In order to reveal the secrets of ancient magic, the protagonist must complete four trials left by the Keepers. Each trial features dangerous and complicated puzzles requiring the use of spells the protagonist has learned over the game, each trial leading to a "pensieve", a magical device to store and review memories. Each pensieve reveals the history of ancient magic and its connection to Isidora, who used ancient magic in an attempt to "cure" negative emotions, particularly from her suffering father. The Keepers realised that Isidora was inhaling the extracted emotions to increase her own power, draining students' emotions into a large repository of ancient magic. The Keepers failed in their attempt to dissuade her from doing this. With no alternative in sight, one of the Keepers ultimately used the killing curse to eliminate Isidora. The Keepers decided to keep the repository a secret. As the protagonist completes all trials, they receive one final task: to create a special type of magic wand consisting of the artefacts found at the pensieves.

Professor Fig sends the protagonist to Ollivander in order to craft the Keeper's wand. As the protagonist leaves Ollivander's, they are ambushed by Victor, who proposes an alliance against the goblins. The protagonist refuses, resulting in a battle in which the protagonist manages to defeat Victor. Shortly after, Ranrok locates Isidora's repository and "frees" the ancient power, absorbing it to turn himself into a dragon.
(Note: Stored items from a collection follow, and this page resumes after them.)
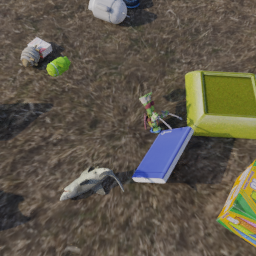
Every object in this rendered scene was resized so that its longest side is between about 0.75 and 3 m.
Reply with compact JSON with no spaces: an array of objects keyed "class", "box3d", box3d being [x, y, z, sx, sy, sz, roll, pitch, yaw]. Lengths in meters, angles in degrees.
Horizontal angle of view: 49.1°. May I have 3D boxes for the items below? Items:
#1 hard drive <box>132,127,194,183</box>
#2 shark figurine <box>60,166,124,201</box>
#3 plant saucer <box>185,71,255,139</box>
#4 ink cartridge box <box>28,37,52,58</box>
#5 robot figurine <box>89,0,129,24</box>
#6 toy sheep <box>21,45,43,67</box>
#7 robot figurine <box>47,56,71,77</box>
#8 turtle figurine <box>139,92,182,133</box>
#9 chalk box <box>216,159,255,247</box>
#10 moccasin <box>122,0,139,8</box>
[{"class":"hard drive","box3d":[1.122,0.842,8.993,0.265,1.380,2.091,50,57,-22]},{"class":"shark figurine","box3d":[-0.888,1.701,8.604,0.951,2.279,1.362,57,34,-11]},{"class":"plant saucer","box3d":[3.736,-1.090,10.518,2.984,0.714,2.979,3,58,2]},{"class":"ink cartridge box","box3d":[-3.928,-3.565,12.269,1.044,0.352,0.608,30,63,17]},{"class":"robot figurine","box3d":[-0.874,-5.544,13.051,1.929,1.089,1.636,25,28,15]},{"class":"toy sheep","box3d":[-4.041,-3.020,11.709,0.797,0.797,1.156,15,61,9]},{"class":"robot figurine","box3d":[-2.138,-1.873,8.571,0.769,0.675,0.445,-39,95,-24]},{"class":"turtle figurine","box3d":[1.082,-0.592,9.693,1.042,1.448,1.404,-30,96,-33]},{"class":"chalk box","box3d":[4.268,2.466,7.705,2.823,1.750,1.762,30,63,17]},{"class":"moccasin","box3d":[-0.302,-7.131,14.132,1.103,0.935,2.742,-25,61,-14]}]
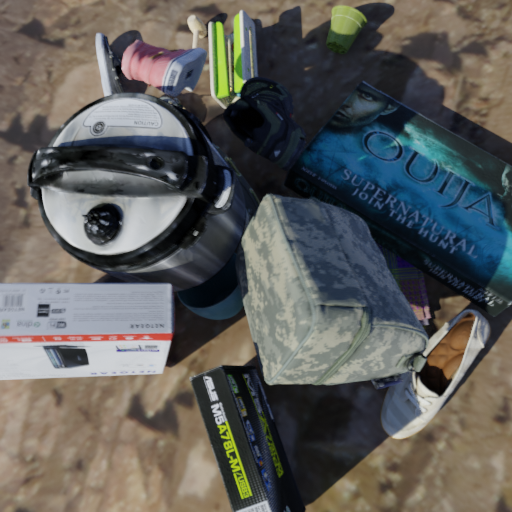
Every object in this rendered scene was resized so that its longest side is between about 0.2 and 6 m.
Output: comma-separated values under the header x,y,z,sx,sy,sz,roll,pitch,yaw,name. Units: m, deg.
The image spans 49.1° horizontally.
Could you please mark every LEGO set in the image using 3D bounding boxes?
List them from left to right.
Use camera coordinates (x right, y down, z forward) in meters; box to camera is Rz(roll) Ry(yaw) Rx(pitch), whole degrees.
x,y,z,sx,sy,sz,roll,pitch,yaw,name
-2.206,-3.412,12.312,1.568,0.684,2.415,-5,75,-1,LEGO set

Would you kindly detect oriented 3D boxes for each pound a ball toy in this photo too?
x,y,z,sx,sy,sz,roll,pitch,yaw,name
-0.702,-4.413,12.600,1.454,0.947,2.230,-10,73,24,pound a ball toy

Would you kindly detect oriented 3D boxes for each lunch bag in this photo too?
x,y,z,sx,sy,sz,roll,pitch,yaw,name
1.252,0.617,9.277,2.505,2.081,2.986,3,46,-23,lunch bag

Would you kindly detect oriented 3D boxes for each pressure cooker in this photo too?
x,y,z,sx,sy,sz,roll,pitch,yaw,name
-1.867,-1.015,9.478,3.002,3.414,3.049,-37,71,4,pressure cooker

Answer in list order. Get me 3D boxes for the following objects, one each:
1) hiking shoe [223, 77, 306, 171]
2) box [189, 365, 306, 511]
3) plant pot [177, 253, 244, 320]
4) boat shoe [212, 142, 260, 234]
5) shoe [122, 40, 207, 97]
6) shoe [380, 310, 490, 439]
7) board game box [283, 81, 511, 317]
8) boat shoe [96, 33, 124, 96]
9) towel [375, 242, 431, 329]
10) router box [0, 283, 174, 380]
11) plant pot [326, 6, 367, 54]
x,y,z,sx,sy,sz,roll,pitch,yaw,name
0.011,-2.710,10.393,1.312,0.987,2.607,17,34,-34,hiking shoe
-0.048,3.251,9.378,0.673,2.735,2.832,-23,75,8,box
-0.711,0.704,10.933,1.393,0.938,1.393,-14,46,16,plant pot
-0.824,-1.644,11.712,0.830,0.992,2.776,-18,69,-46,boat shoe
-1.627,-3.507,10.201,1.036,2.277,0.813,23,116,-2,shoe
3.276,2.161,10.469,1.011,0.772,2.891,37,89,28,shoe
3.370,-1.352,11.290,4.744,0.668,3.209,33,60,8,board game box
-3.219,-4.212,12.599,0.573,0.604,1.729,-10,76,-9,boat shoe
2.418,0.255,11.500,1.910,0.303,2.660,-6,74,-1,towel
-3.154,1.345,9.410,3.368,3.023,0.823,0,67,-12,router box
1.985,-5.098,12.790,0.850,0.850,0.807,21,88,6,plant pot

Fig is mortally wounded, and the protagonist battles the dragon, ending the goblin rebellion by destroying Ranrok, and must decide whether to seal the magic away or absorb the power for themselves. Regardless of the choice, Fig dies, and Headmaster Black and Professor Weasley hold a eulogy in honour of him. The protagonist returns to finish regular school studies, as the end of the school year is leading to the O.W.L. exams. The journey ends with Professor Weasley awarding the protagonist 100 house points for the extraordinary adventure, which ultimately leads to a win of the House Cup for their respective House.

Development
Hogwarts Legacy was developed by Avalanche Software, which was acquired by Warner Bros. Interactive Entertainment from Disney in January 2017. In the same year, Warner Bros. established a new publishing label named Portkey Games, which was dedicated to managing the Wizarding World license. The open world game was developed by utilizing the Unreal Engine, its fourth generation in particular. J. K. Rowling, the author of the Harry Potter series, was not directly involved in development. However, Warner Bros. acknowledged that her literary works served as the basis for all projects in the Wizarding World. Five years in the making, experts estimate Hogwarts Legacy's budget at $150 million.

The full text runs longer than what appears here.